2. Les insuffisances de la politique de recrutement des conservateurs du patrimoine
La nouvelle dimension du rôle du conservateur, désormais acquise au sein de la profession, ne semble, en effet, pas avoir encore trouvé de traduction dans l'organigramme des musées.
Le sentiment éprouvé par de nombreux conservateurs de ne pas disposer du temps nécessaire pour se consacrer à leurs activités de recherche trouve pour une large part son origine dans le malthusianisme de la politique de recrutement.
On rappellera que les recrutements des conservateurs du patrimoine s'effectuent par concours organisés pour l'Etat et les collectivités territoriales par l'Institut national du patrimoine. Ces concours sont organisés chaque année pour les corps de la fonction publique de l'Etat et tous les deux ans, en collaboration avec le Centre national de la fonction publique territoriale, pour l'accès au cadre d'emploi de conservateur territorial du patrimoine.
Pour les onze concours organisés entre 1991 et 2001, 309 postes ont été offerts dans les différentes spécialités, soit respectivement 233 postes pour les concours Etat/Ville de Paris et 76 pour les concours territoriaux. Sur ces postes, 18 n'ont pas été pourvus (7 pour l'Etat et 11 pour les collectivités territoriales).
En dépit des récentes améliorations, les recrutements actuels font apparaître des insuffisances quantitatives et qualitatives préoccupantes.

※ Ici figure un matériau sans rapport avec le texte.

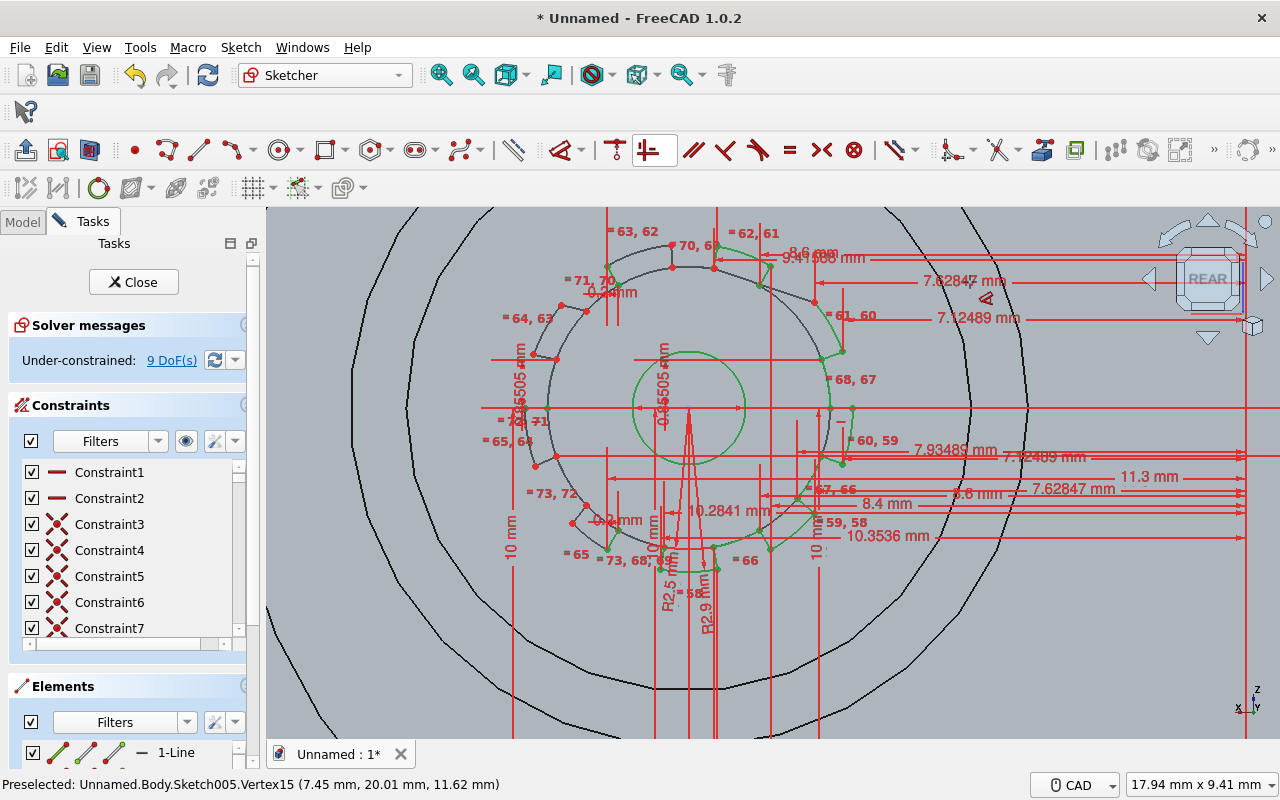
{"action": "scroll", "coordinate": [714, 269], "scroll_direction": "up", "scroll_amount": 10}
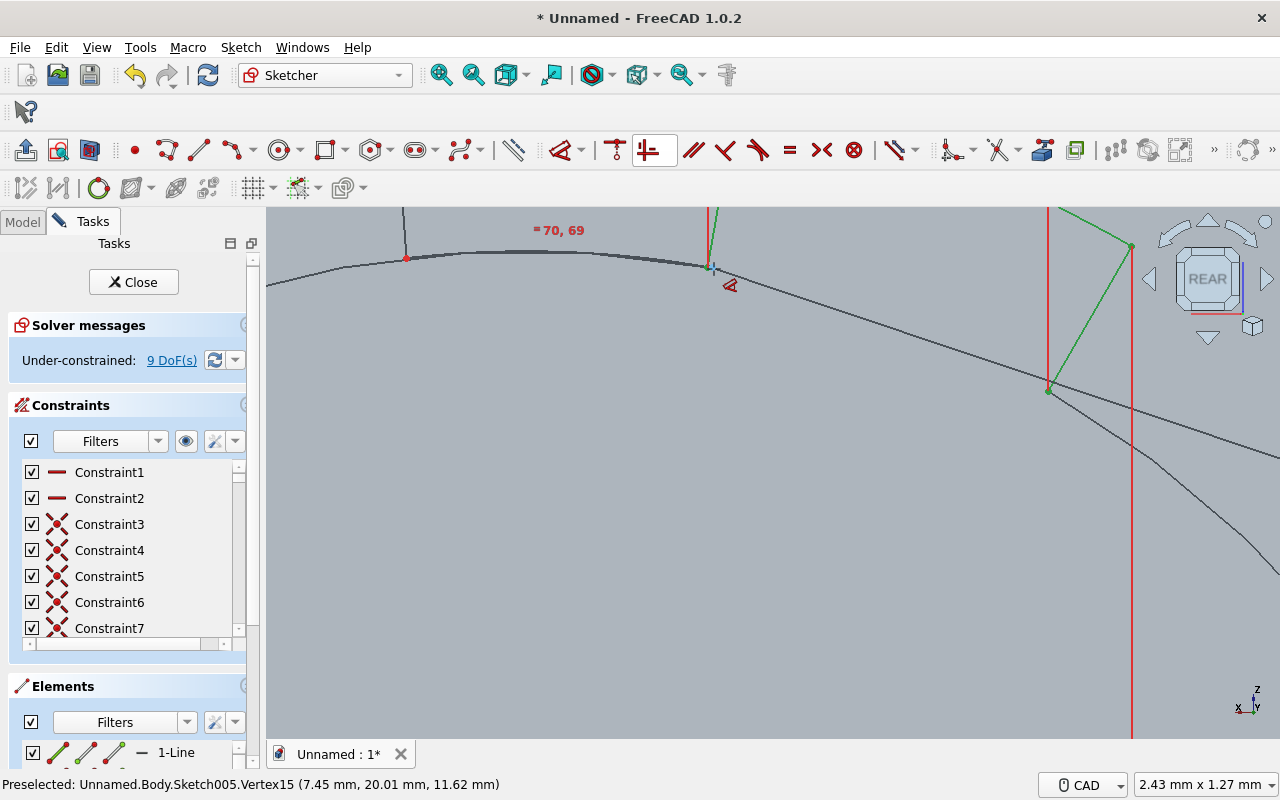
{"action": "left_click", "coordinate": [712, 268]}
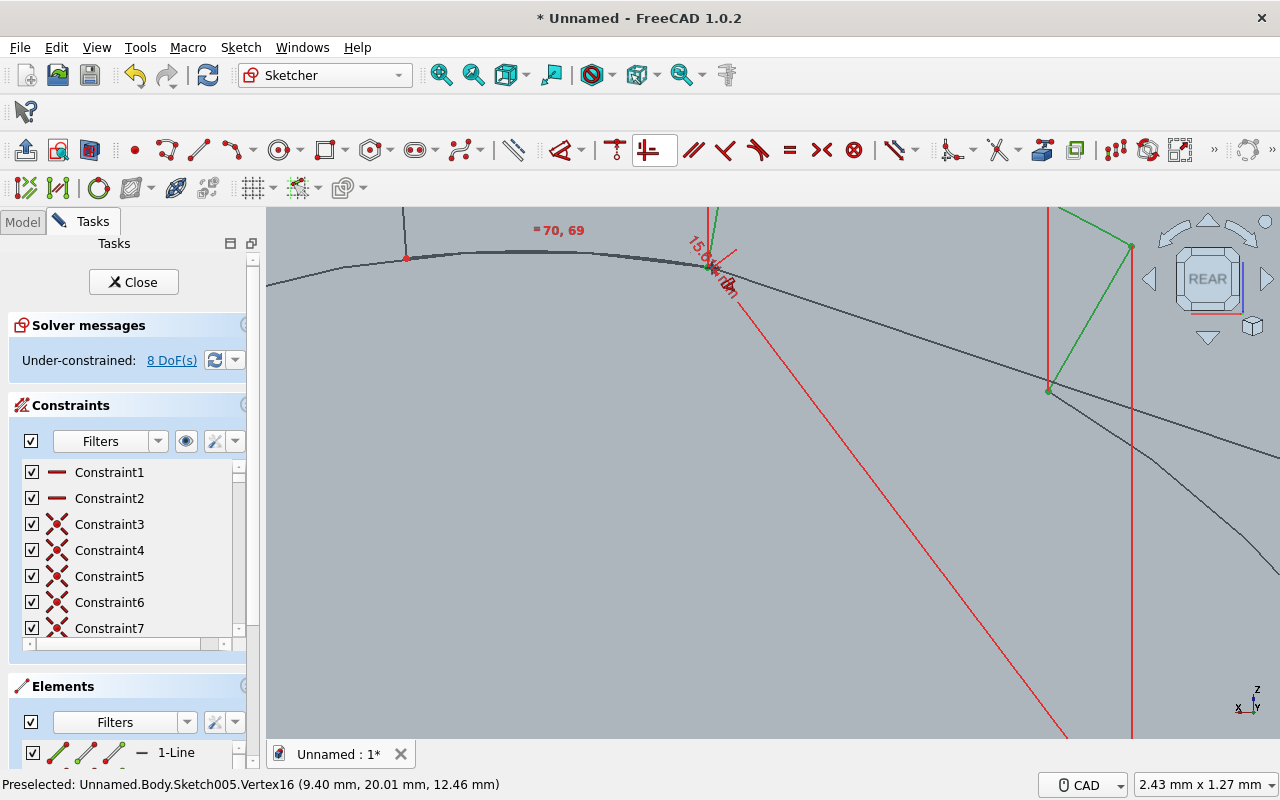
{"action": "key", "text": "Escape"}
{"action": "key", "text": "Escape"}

Les besoins des musées territoriaux restent très insuffisamment couverts. Au 1 er juin 2002, 34 postes de conservateurs du patrimoine restaient vacants de façon quasi-permanente.

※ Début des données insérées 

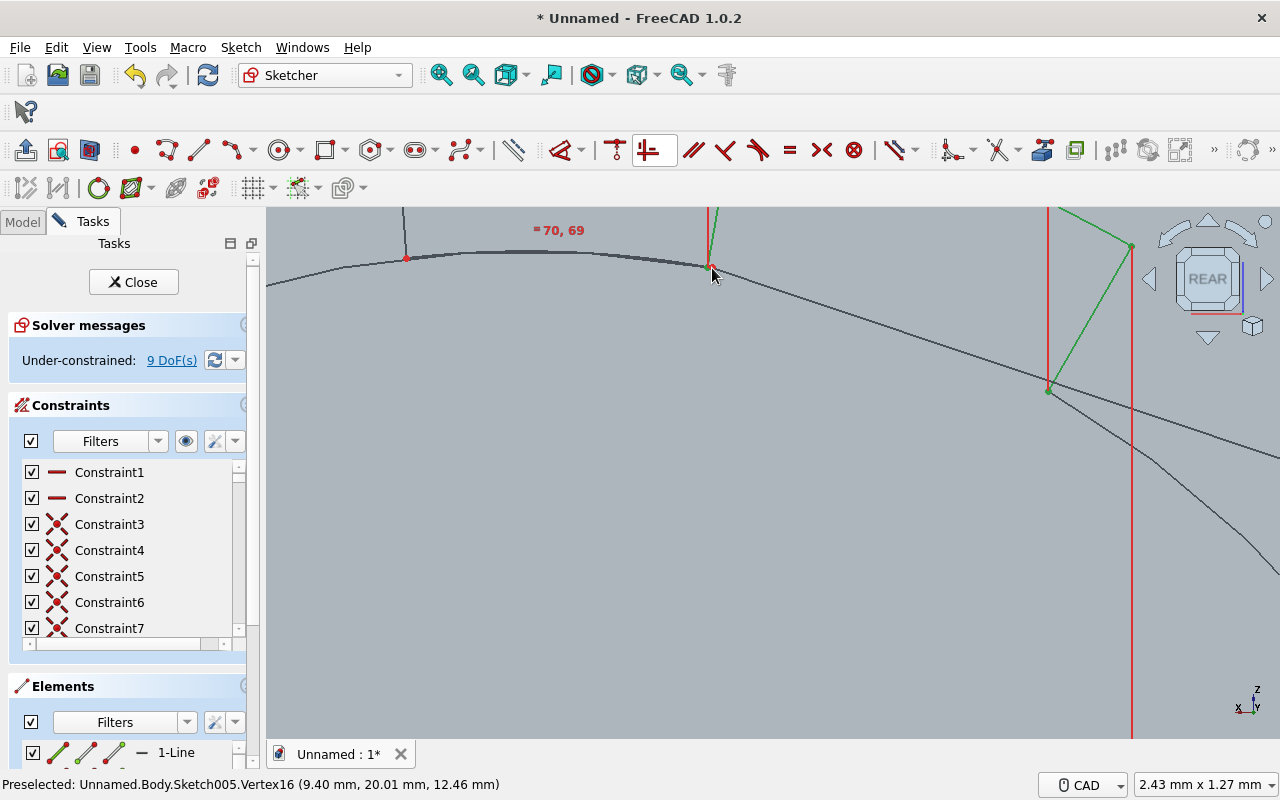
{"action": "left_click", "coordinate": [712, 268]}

Par ailleurs, les recrutements gérés par l'Institut national du patrimoine ne permettent pas de répondre aux besoins croissants qui apparaissent dans certaines disciplines telles l'archéologie, le patrimoine du XX e siècle ou encore l'ethnologie, mal représentées au sein du vivier des diplômés, dont les spécialités concernent essentiellement l'histoire de l'art occidental du Moyen-Âge à l'époque moderne. A titre d'exemple, depuis la création du concours, on compte seulement trois lauréats spécialisés en ethnologie (spécialité musées).
Au-delà de ces besoins, les éléments démographiques justifient une intensification des recrutements. Pour l'Etat, l'âge moyen des conservateurs, au nombre de 750, étant de 46 ans, le taux de renouvellement, relativement faible jusqu'en 2005 (3 %), s'élèvera à 10 % sur la période 2006-2010, à 20 % sur la période 2001-2015 et à 16 % sur la période 2016-2020. Ces données doivent être conjuguées avec celles concernant le corps des conservateurs généraux. Ce corps de débouchés (115 personnes), dont la moyenne d'âge est de 58 ans, pour lequel les départs en retraite sont déjà nombreux entre 2003 et 2006 (26 % du corps) devra être presque entièrement renouvelé à l'horizon 2015.
D'après Mme Geneviève Gallot, directrice de l'Institut national du patrimoine, entendue par la mission, le nombre de postes ouverts pour l'Etat devrait représenter au moins le double de celui ouvert pour le compte des collectivités territoriales, qui lui-même devrait être accru de près de 30 %. Cette estimation est à rapprocher de la réalité des recrutements : sur les 39 postes ouverts au concours de 2001, 15 postes étaient ouverts pour la fonction publique d'Etat, 1 pour la Ville de Paris et 24 pour les collectivités territoriales.
Le nombre de postes ouverts chaque année s'avère donc largement sous-évalué, tant par l'Etat que par le Centre national de la fonction publique territoriale qui, on le soulignera, doit assumer le coût financier de formation des stagiaires. Le recrutement désormais annuel, et non plus bisannuel, des conservateurs territoriaux ne permet guère de remédier à cette insuffisance chronique de personnels.
La mission estime nécessaire à la fois d'accroître le volume des recrutements, mais également de les diversifier afin de couvrir une plus large gamme de spécialités pour répondre aux besoins d'une nouvelle génération de musées, dont le champ dépasse les frontières traditionnelles des Beaux-Arts.
La qualité de la gestion des collections dépend étroitement des mesures qui pourraient être prises en ce sens.